1b: Comparing Multiple Linear Regression and Quantile Regression

Now add the predictors for prior cesarean delivery, gestational hypertension, and month of birth (as a categorical variable) to the models from 1a. Provide an interpretation of the beta coefficients for mother’s age from both models, then briefly compare the beta coefficients between the linear and quantile regression models.

1c: Quantile Regression for Other Quantiles

For the simple quantile regression in 1a, expand to include estimates for the 5th to the 95th quantile in increments of 5 and then create a scatterplot to demonstrate the model fits for each quantile. Briefly describe the figure.

1d: Quantile Regression for Other Quantiles with Splines

Take your approach in 1c and now add some form of flexible spline to measure if there are any nonlinear effects. Create a new scatterplot with this information and provide a brief discussion if it seems like the splines may be a meaningful addition or if a simpler model for any/all quantiles may be recommended.

1e: Quantile Regression with an Interaction

From the results in 1b, we noticed what may be an interesting association between infant birth weight and presence of gestational hypertension. For the quantile regression of the median, fit a model that includes mother’s age, gestational hypertension, and the interaction of the two. Create a scatterplot with the predicted birth weight’s by mother’s age and gestational hypertension status. From your figure, does there appear to be a significant difference? From the results of the regression model, does there appear to be a statistically significant difference?

Exercise 2: Segmented Regression

This problem uses the same dataset to explore if a breakpoint may be beneficial to model the association between mother’s age and infant birth weight.
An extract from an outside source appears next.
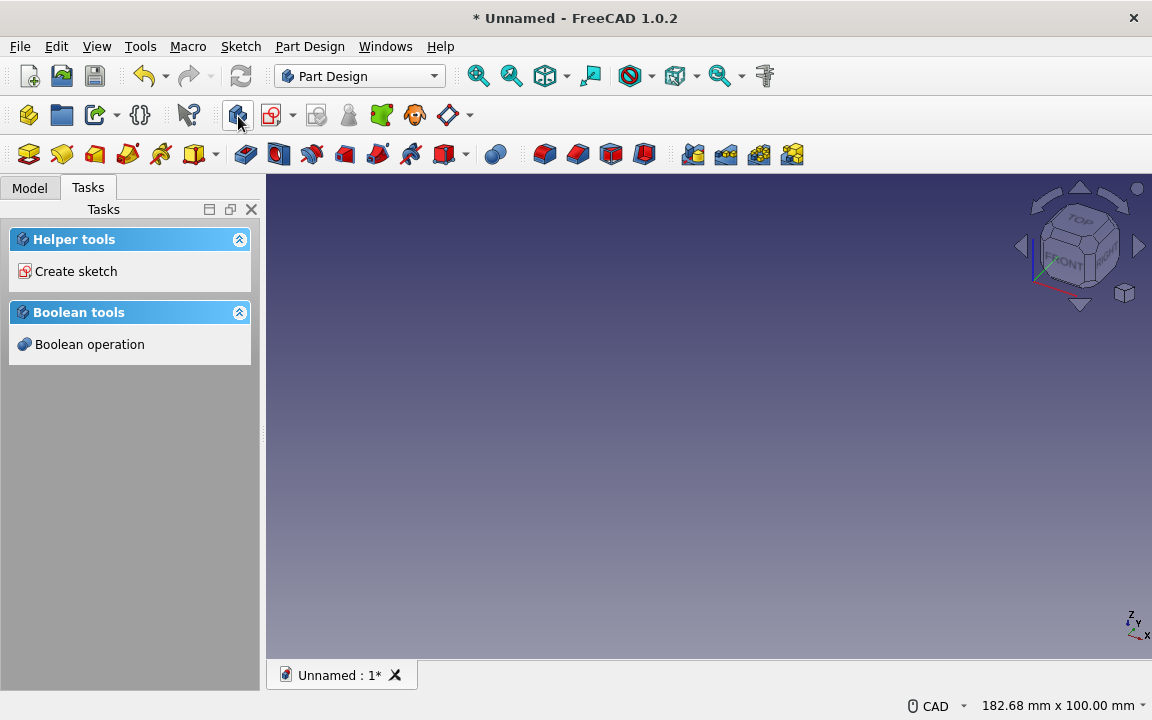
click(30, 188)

2a: Segmented Regression with 1 Breakpoint

Fit a segmented regression with 1 breakpoint and plot the fitted segmented regression line on a scatterplot of the observed data. What is the estimated breakpoint? Does it visually seem like there may be a meaningful change in slope where the breakpoint is plotted?

2b: Significance Test for Breakpoints

Using Davies’ test, determine if there is a significant change in slope. State your null and alternative hypothesis.

2c: Significance Testing of Slopes

Are the slopes both significantly different from 0 before and after the breakpoint?